| 摘要: | 由於積體電路製程的快速發展,元件尺寸愈發的小型化,傳統的封裝方式已經無法負荷微型製程的需求,將矽鍺光電元件直接成長於矽基板上的「矽光電子學技術」因而應運再生,而「矽基磊晶鍺薄膜技術」更是矽光電子學中的關鍵技術。本論文中,我們以 ”電子迴旋共振化學氣相沈積法” 研發矽基磊晶鍺薄膜,並以矽基磊晶鍺薄膜技術為基底,進行薄膜磊晶成長與分析,並將其應用於矽基鍺光偵測器與矽基III-V族太陽能電池等光電元件。由於電子迴旋共振化學氣相沈積法具有低表面損傷、高解離率、低溫成長等優點,在沉積矽基磊晶鍺薄膜時,能夠較有效率的提升薄膜的結晶率,並降低缺陷密度與表面粗糙度。此外,本研究的低溫薄膜成長技術除了可進一步減少熱應力在薄膜中造成的缺陷外,還可減少高溫所造成元件整合限制,有效地促進低溫製程的開發。
本論文研究主軸可分為三部分:
一、薄膜磊晶成長與分析:此項研究使用電子迴旋共振化學氣相沈積法超低溫(180°C) 磊晶成長非摻雜與重摻雜矽基鍺薄膜,並進行磊晶薄膜的特性、應力與介面分析。由於矽和鍺的晶格不匹配(4.2%)及熱膨脹係數差異(55%),容易導致矽基磊晶鍺的品質不佳。而本項研究成功以超低溫(180°C)、高氫稀釋比(H2/GeH4= 16) 磊晶成長高品質的非摻雜矽基鍺薄膜,其X光繞射之半高寬可達495 arcsec。此項成果為本研究的主要成果之一,不但突破了傳統化學氣相沉積所需的高溫製程,同時也解決了矽鍺間熱膨脹係數差異的影響,更使磊晶鍺薄膜之品質達到不錯的水準。除此之外,本研究藉由調變ECR-CVD製程參數,可控制鍺薄膜之應變,其控制範圍從0.58%的壓縮應變到0.15%的拉伸應變。研究結果發現,腔體壓力由2.6pa提升至4.7pa時,鍺薄膜將會由0.58%的壓縮應變轉變為0.09%的拉伸應變;將磁場電流由40A提升至55A時,鍺薄膜將會由0.15%的拉伸應變轉變為0.15%的壓縮應變。而藉由調整鍺薄膜內的拉伸應變,將可使鍺材料的截止波長產生紅位移,使其光吸收範圍擴大,甚至使鍺材料由間接能隙轉變為直接能隙,實現矽鍺光二極體、矽鍺雷射之目標。而傳統的鍺薄膜大都是以高溫退火或調整結構等方式來進行應變調製,本研究則創新以調變成膜參數之方式,控制鍺薄膜內之應變,成功使鍺薄膜之截止波長由1550 nm移動到1650 nm。此項突破成功地使鍺薄膜光吸收範圍增加,對於提高光偵測器或太陽能電池之效率皆有極大之幫助。

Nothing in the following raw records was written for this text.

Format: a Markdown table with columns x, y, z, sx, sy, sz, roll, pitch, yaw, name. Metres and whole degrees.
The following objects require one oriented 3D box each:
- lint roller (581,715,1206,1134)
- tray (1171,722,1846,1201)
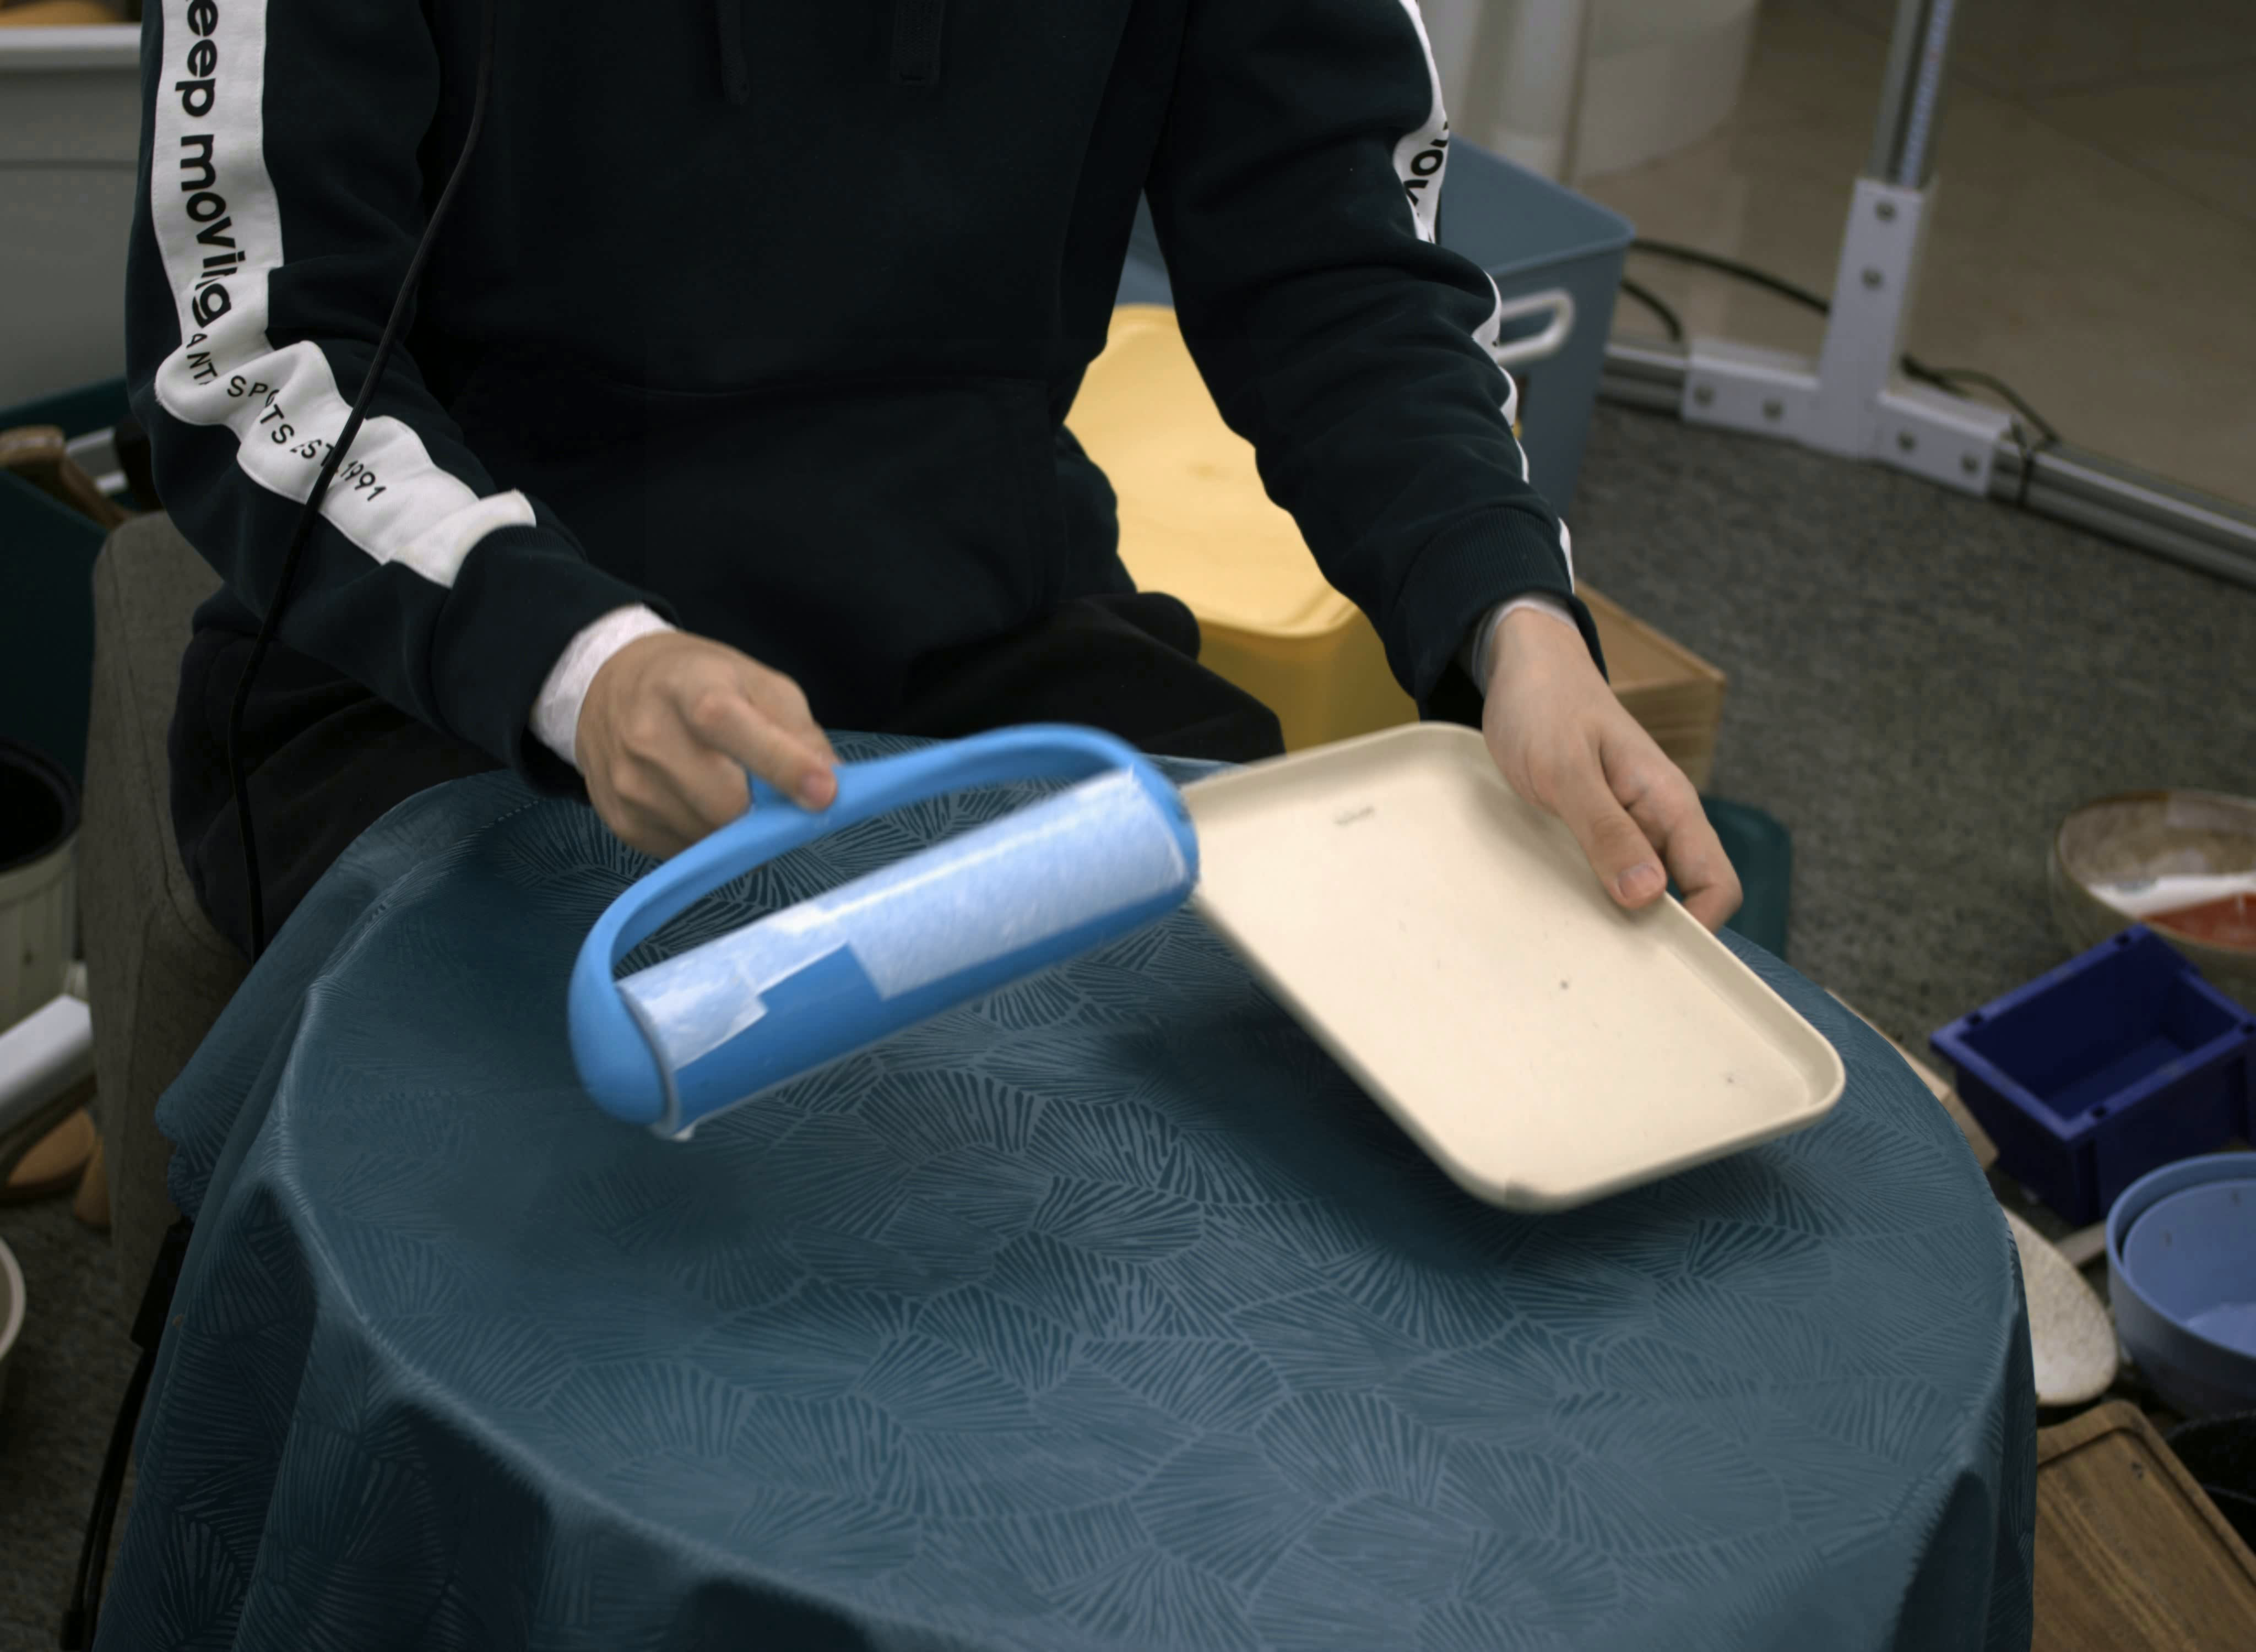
| x | y | z | sx | sy | sz | roll | pitch | yaw | name |
| --- | --- | --- | --- | --- | --- | --- | --- | --- | --- |
| -0.107 | 0.010 | 1.783 | 0.228 | 0.067 | 0.182 | -27 | 41 | -24 | lint roller |
| 0.125 | 0.046 | 1.863 | 0.170 | 0.017 | 0.242 | -12 | 42 | -34 | tray |

另一方面,對光偵測器來說,為了減少響應時間的延遲,一般接合面均要求儘量接近光偵測器的表面,本研究則藉由調整氫氣流量(0到60sccm)成功成長厚度為30nm、摻雜濃度可達8×1020 cm-3的重摻雜P型超薄磊晶鍺薄膜,藉由薄型摻雜層的開發,將可大幅減少響應時間的延遲。此外,雖然重摻雜薄膜擁有極好的電性,但是高摻雜相對也容易造成較多的缺陷,也較不易形成單晶結構。而本項研究則兼具重摻雜、超薄、單晶幾項特點,其良好的電性(Resistivity可低於5x10-4 Ω-cm) 與薄型厚度(30nm)可減少光偵測器響應時間的延遲;若和多晶結構相比,單晶結構缺陷也較少,能有效地降低光偵測器之暗電流。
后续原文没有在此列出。